4. Materials and Methods

4.1. Participants and Design

The study population comprised adult men who participated in the health checkup program between January 2011 and December 2016 at Kangbuk Samsung Hospital Total Healthcare Centers in Seoul and Suwon, Korea. In total, 147,015 men who completed extensive questionnaires, including physical activity and the International Prostate Symptom Score (IPSS), and visited at least once for a follow-up by December 2017 were considered for inclusion. Exclusion criteria at baseline were as follows: missing data for SUA or BMI (n = 121); eGFR < 60 (mL/min/1.73 m2) (n = 509); serum prostate specific antigen (PSA) level ≥ 3 ng/dL (n = 2806); pyuria (n = 3867); hematuria (n = 6320); history of cardiovascular disease (n = 1725); history of malignancy (n = 2037); history of kidney, bladder, or prostate disease, including kidney stone, renal failure, and BPH (n = 8027); liver cirrhosis on ultrasonography (n = 70); use of antipsychotics or antidepressants (n = 452); use of medication for BPH (n = 3157); or use of medication for alopecia (n = 3157). Men with an IPSS ≥ 8 at baseline were also excluded (n = 22,084). Ultimately, 101,091 men were included (Figure 2). Among them, none had a history of gout or was on medication for gout.
Figure 2

Selection of the study population. BMI, body mass index; BPH, benign prostate hyperplasia; eGFR, estimated glomerular filtration rate; IPSS, International Prostate Symptom Score; PSA, prostate specific antigen; SUA, serum uric acid.

4.2. Data Collection and Measurements

All the participants completed self-administered, standardized questionnaires at each visit. As previously described, the questionnaires collected demographics, education level, medical history, medication(s), smoking status, alcohol consumption, daily caloric intake, and physical activity [23,24]. Based on smoking history, subjects were categorized as current, former, and never smokers. Alcohol consumption was categorized as follows: none, moderate (<20 g/day), and high (≥20 g/day). Physical activity was classified as inactive, minimally active (600 MET minutes per week), and health-enhancing physically active (HEPA; 3000 MET minutes per week). Physical activity was assessed by the validated Korean version of the International Physical Activity Questionnaire Short Form [25]. Experienced nurses measured anthropometric items, including height, weight, and blood pressure (BP). The formula for BMI was kg/m2: weight (kg) divided by the squared height (m2). Obesity was defined as a BMI ≥ 25 kg/m2, which is the standard for Asian populations [26]. Hypertension was defined as a systolic BP ≥ 140 mmHg, diastolic BP ≥ 90 mmHg, or current treatment with antihypertensive medications.
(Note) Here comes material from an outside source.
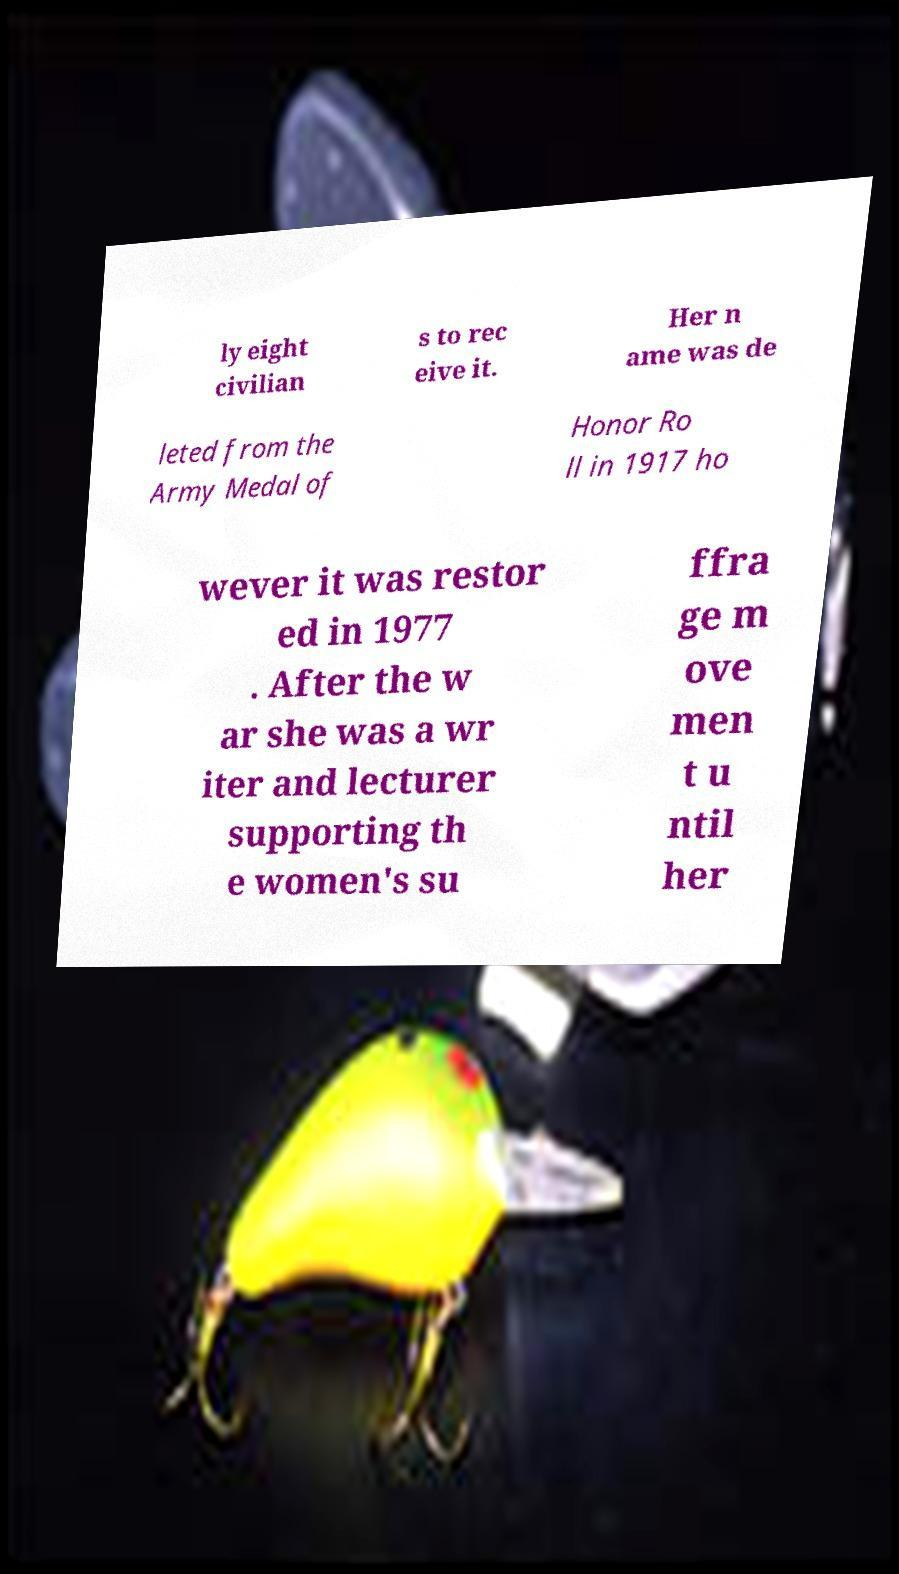What messages or text are displayed in this image? I need them in a readable, typed format. ly eight civilian s to rec eive it. Her n ame was de leted from the Army Medal of Honor Ro ll in 1917 ho wever it was restor ed in 1977 . After the w ar she was a wr iter and lecturer supporting th e women's su ffra ge m ove men t u ntil her 
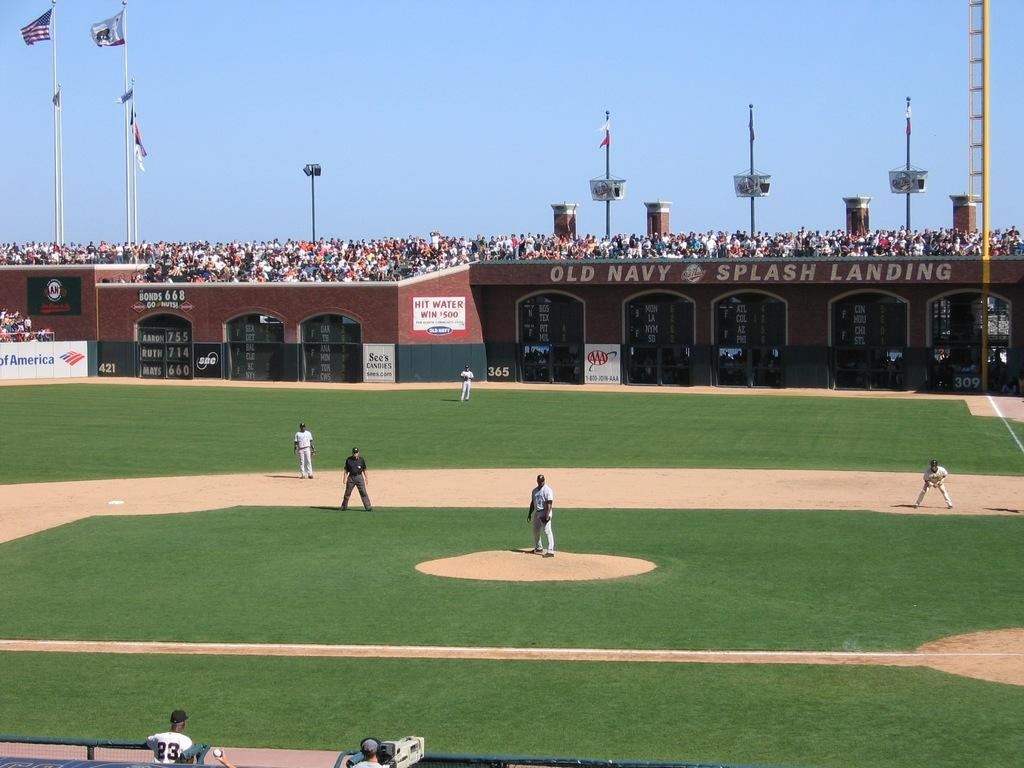<image>
Provide a brief description of the given image. Players compete on a baseball diamond under the name OLD NAVY SPLASH LANDING.

Fasting samples were drawn in the morning to measure the serum concentrations of glucose, total cholesterol, LDL cholesterol, HDL cholesterol, triglycerides, hsCRP, and PSA [22,27]. The eGFR formula was from the Chronic Kidney Disease Epidemiology Collaboration equation [28]. HOMA-IR was used to estimate insulin resistance, which was calculated as the fasting insulin (mU/L) × fasting glucose (mmol/L)/22.5. The definition of diabetes was a fasting glucose concentration ≥ 126 mg/dL, glycated hemoglobin concentration ≥ 6.5%, or current treatment with antidiabetic medications or insulin. Hyperuricemia in men was defined as SUA ≥ 7 mg/dL. The IPSS questionnaire is the most commonly used tool in the evaluation of LUTS severity. We used the validated Korean version of the IPSS, which employs seven questions regarding the following urinary symptoms: incomplete emptying, frequency, intermittency, urgency, weak stream, straining, and nocturia [29]. The answers are assigned points from 0 to 5. The total score ranges from 0 to 35, which is currently categorized as follows: asymptomatic or mild (0–7), and moderate or severe (≥8). We defined clinically significant LUTS as an IPSS score ≥ 8.

4.3. Statistical Analysis

The SUA levels (mg/dL) were divided into the following six groups: <5.5, 5.5–6.4, 6.5–7.4, 7.5–8.4, 8.5–9.4, and ≥9.5. Continuous variables are shown as means with standard deviations or medians with interquartile ranges. Categorical variables are shown as numbers and percentages. The individual participants were followed from the baseline checkup either until the development of LUTS or the last checkup performed prior to 31 December 2017, whichever came first. The outcome variable was the development of clinically significant LUTS. The incidence rate was calculated as the number of incident cases divided by the person years of follow-up. The relationship between the SUA levels and the risk of clinically significant LUTS was modeled using Cox proportional hazards regression to assess the hazard ratios (HRs) and 95% confidence intervals (CIs). Three models were generated with progressive adjustment. All of the models were adjusted for age in years. Multivariable model 1 was additionally adjusted for study center (Seoul, Suwon), year of checkup, education background (≤high school graduate or less, community college or university graduate, ≥graduate school, and unknown), smoking status (never, former, current, or unknown), alcohol consumption (0, <20, ≥20 g/day, or unknown), total caloric intake (in quintiles or unknown), physical activity (inactive, minimally active, HEPA, or unknown), BMI, and history of diabetes and hypertension. Multivariable model 2 was further adjusted for eGFR, total cholesterol, HOMA-IR, and hsCRP. In order to test the linear trend across categories, the ordinal variable was entered into each regression model. We conducted stratified analyses in the pre-set subgroups: age (<50 vs. ≥50 y), smoking (none vs. ever), alcohol consumption (<20 g/day vs. ≥20 g/day), physical activity (HEPA; no vs. yes), and BMI (<25 kg/m2 vs. ≥25 kg/m2). Each stratum was analyzed using the final model. The interactions between the subgroups were tested using likelihood ratio tests to compare models with and without multiplicative interaction terms. All significance tests were two tailed. The statistical significance was established at p < 0.05. Data analyses were performed using STATA v14.2 (Stata Corp., College Station, TX, USA).

5. Conclusions

These results suggest that higher SUA levels can be associated with the severity of LUTS in healthy middle-aged men. This may indicate the potential role of SUA in the prevention of significant LUTS. Although this association seems to be favorable, the well-known negative effect of hyperuricemia on general health is not desirable. Further investigations are needed to elucidate the pertinent biological mechanisms of this association.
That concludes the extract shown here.